Abstract
This study tested a blue light source for the treatment of solar lentigines. A total of 14 patients with solar lentigines were treated with radiation from a novel, high-power 450 nm blue laser that was created for this project. The group contained eight patients with solar lentigines on the face, two patients with the lesions on the dorsal of the hands, and four patients with the lesions on the trunk and forearms. The best results (complete recovery) have been achieved for the lesions on the face and dorsal of the hands. The treatment of lesions on the trunk and forearms was not fully satisfying due to the occurrence of slight scarring. This study shows that, in some cases, the use of a blue laser may be an alternative to the use of longer wavelength sources.
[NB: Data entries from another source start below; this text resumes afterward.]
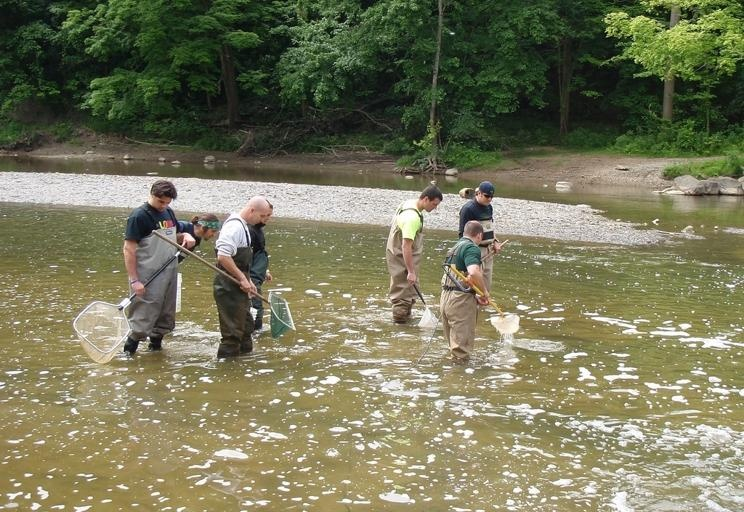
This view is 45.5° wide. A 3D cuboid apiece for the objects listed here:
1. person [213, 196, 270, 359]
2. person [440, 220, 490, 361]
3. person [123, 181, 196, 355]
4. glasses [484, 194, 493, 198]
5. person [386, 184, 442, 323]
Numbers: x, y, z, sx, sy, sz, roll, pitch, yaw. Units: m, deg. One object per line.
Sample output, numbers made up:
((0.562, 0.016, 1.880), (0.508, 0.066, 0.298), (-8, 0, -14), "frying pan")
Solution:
((-2.451, 0.385, 16.421), (0.862, 2.935, 0.684), (0, 11, -2), "person")
((1.704, 0.634, 16.520), (0.861, 2.588, 0.514), (8, 13, 36), "person")
((-4.056, 0.198, 16.406), (1.045, 3.221, 0.433), (-8, 13, -37), "person")
((2.287, -1.184, 17.310), (0.092, 0.039, 0.079), (3, 29, -7), "glasses")
((0.799, -0.063, 18.054), (0.974, 2.806, 1.021), (1, 10, 0), "person")
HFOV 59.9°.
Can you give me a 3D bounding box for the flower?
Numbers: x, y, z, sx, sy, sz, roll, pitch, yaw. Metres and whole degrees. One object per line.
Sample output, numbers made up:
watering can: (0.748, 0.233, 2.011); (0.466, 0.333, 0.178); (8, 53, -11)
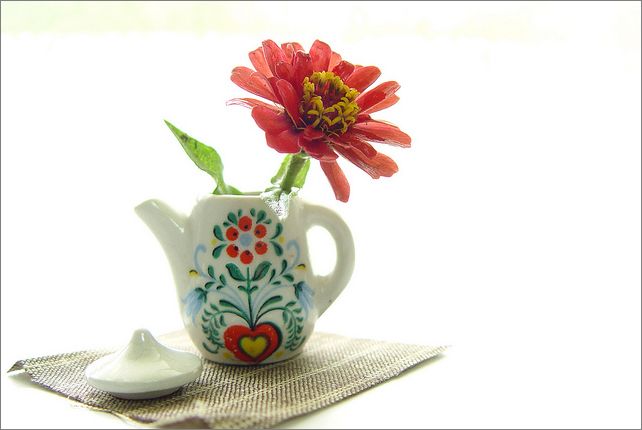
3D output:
flower: (-0.031, -0.143, 0.957); (0.256, 0.270, 0.312); (-6, 32, -29)
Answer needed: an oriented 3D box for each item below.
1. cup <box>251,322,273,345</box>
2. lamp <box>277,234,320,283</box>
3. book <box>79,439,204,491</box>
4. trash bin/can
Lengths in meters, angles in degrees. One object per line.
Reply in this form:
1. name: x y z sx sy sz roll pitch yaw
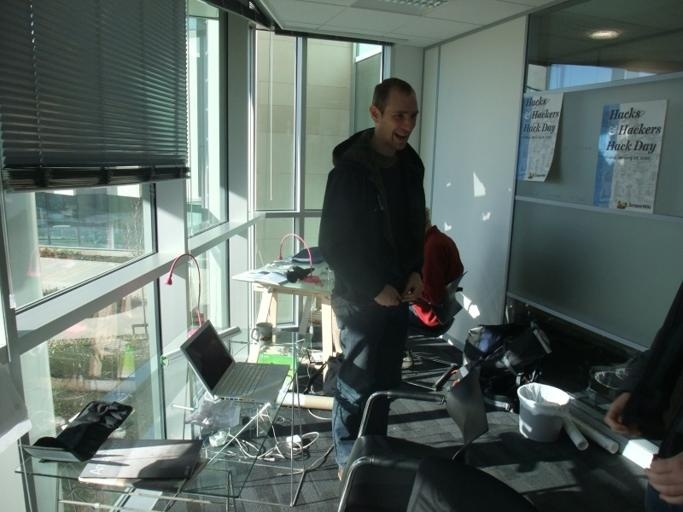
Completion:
1. cup: -0.492 0.482 3.406 0.078 0.090 0.126 7 10 21
2. lamp: -0.324 -0.004 4.661 0.337 0.440 0.469 -5 10 -37
3. book: -0.828 0.868 2.299 0.268 0.075 0.213 2 13 3
4. trash bin/can: 1.435 1.058 3.891 0.339 0.296 0.364 6 9 28
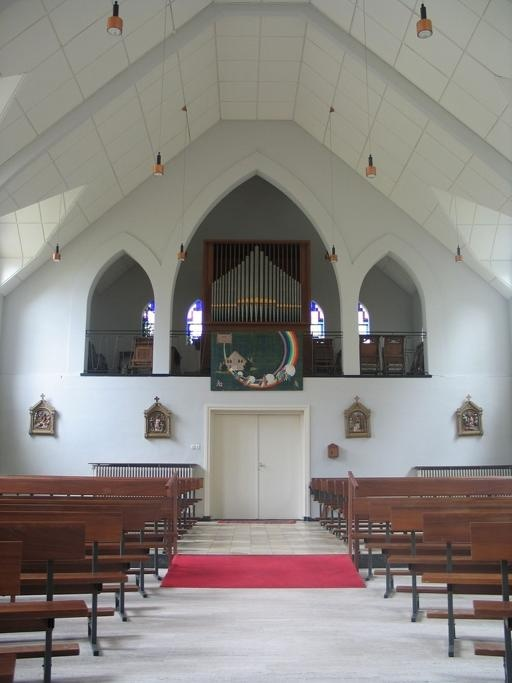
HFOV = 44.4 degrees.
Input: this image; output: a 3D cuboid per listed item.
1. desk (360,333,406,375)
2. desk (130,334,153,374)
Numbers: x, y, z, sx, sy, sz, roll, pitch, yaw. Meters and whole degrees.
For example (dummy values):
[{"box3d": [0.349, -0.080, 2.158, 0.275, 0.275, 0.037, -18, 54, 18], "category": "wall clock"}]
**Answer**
[{"box3d": [2.512, 0.287, 12.568, 0.662, 0.653, 0.281, 2, -14, -4], "category": "desk"}, {"box3d": [-2.250, 0.267, 12.515, 0.420, 0.786, 0.989, 2, -6, -12], "category": "desk"}]

Keywords: solar lentigines, blue laser, laser therapy
1. Introduction
Solar lentigines (LS) are sharply demarcated, hyperpigmented patches that range in size from a few mm in diameter to more than 1 cm [1]. Typically, these lesions are located in areas chronically exposed to sunlight, such as the face, neck, dorsum of the hands, and forearms [2]. These lesions primarily develop in older people, and in the age group over 60 years, they occur in approximately 90% of cases [1]. These lesions, although caused by UV radiation, have no oncogenic potential, and do not require medical intervention. They represent only a cosmetic defect. However, many patients choose to improve their appearance and remove solar hyperpigmentation [3]. As a standard treatment, liquid nitrogen cryotherapy is recommended by the “Pigmentary Disorders Academy” [4]. This method shows good therapeutic results, but patients do not always accept the discomfort during treatment (pain, redness, blister formation, and quite long healing time), as well as the possibility of side effects in the form of post inflammatory hyperpigmentation [5,6]. Cryotherapy is still the most commonly used form of treatment for lentigines, despite these drawbacks. There are more and more reports on the use of various laser devices as well as topical products or chemical peels in the treatment of these conditions [4,7]. There are also many publications describing the positive effects of topical products containing adapalene and a fixed combination of 2% mequinol and 0.01% tretinoine, which are an alternative to ablative methods of treatment [4,8,9,10,11].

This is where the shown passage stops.